All of lore.kernel.org
 help / color / mirror / Atom feed
From: Vladimir Oltean <olteanv@gmail.com>
To: Andrew Lunn <andrew@lunn.ch>
Cc: Saravana Kannan <saravanak@google.com>,
	Greg Kroah-Hartman <gregkh@linuxfoundation.org>,
	"Rafael J. Wysocki" <rafael@kernel.org>,
	Linus Walleij <linus.walleij@linaro.org>,
	Vivien Didelot <vivien.didelot@gmail.com>,
	Florian Fainelli <f.fainelli@gmail.com>,
	"David S. Miller" <davem@davemloft.net>,
	Jakub Kicinski <kuba@kernel.org>, Len Brown <lenb@kernel.org>,
	Alvin Sipraga <ALSI@bang-olufsen.dk>,
	kernel-team@android.com, linux-kernel@vger.kernel.org,
	netdev@vger.kernel.org, linux-acpi@vger.kernel.org
Subject: Re: [PATCH v1 1/2] driver core: fw_devlink: Add support for FWNODE_FLAG_BROKEN_PARENT
Date: Wed, 1 Sep 2021 04:38:30 +0300	[thread overview]
Message-ID: <20210901013830.yst73ubhsrlml54i@skbuf> (raw)

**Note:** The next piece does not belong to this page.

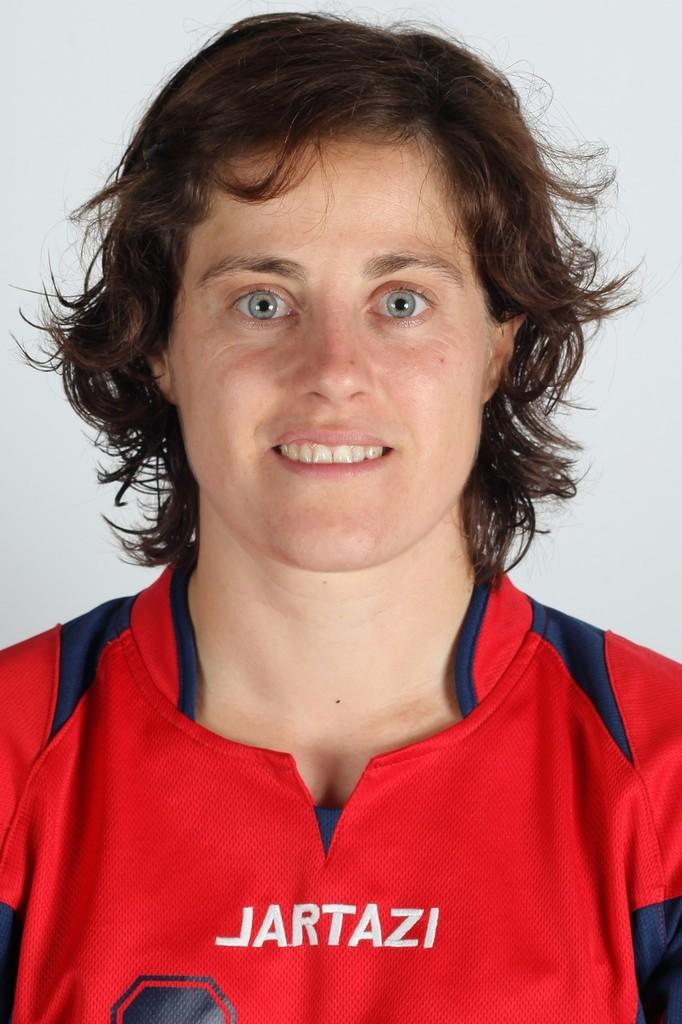<image>
Create a compact narrative representing the image presented. A player with a red Jartazi jersey poses for the camera.

In-Reply-To: <20210901012826.iuy2bhvkrgahhrl7@skbuf>

On Wed, Sep 01, 2021 at 04:28:26AM +0300, Vladimir Oltean wrote:
> On Wed, Sep 01, 2021 at 02:18:04AM +0300, Vladimir Oltean wrote:
> > On Wed, Sep 01, 2021 at 01:02:09AM +0200, Andrew Lunn wrote:
> > > Rev B is interesting because switch0 and switch1 got genphy, while
> > > switch2 got the correct Marvell PHY driver. switch2 PHYs don't have
> > > interrupt properties, so don't loop back to their parent device.
> > 
> > This is interesting and not what I really expected to happen. It goes to
> > show that we really need more time to understand all the subtleties of
> > device dependencies before jumping on patching stuff.
> 
> There is an even more interesting variation which I would like to point
> out. It seems like a very odd loophole in the device links.
> 
> Take the example of the mv88e6xxx DSA driver. On my board
> (arch/arm64/boot/dts/marvell/armada-3720-turris-mox.dts), even after I
> had to declare the switches as interrupt controller and add interrupts
> to their internal PHYs, I still need considerable force to 'break' this
> board in the way discussed in this thread. The correct PHY driver insists
> to probe, and not genphy. Let me explain.
> 
> The automatic device links between the switch (supplier, as interrupt-controller)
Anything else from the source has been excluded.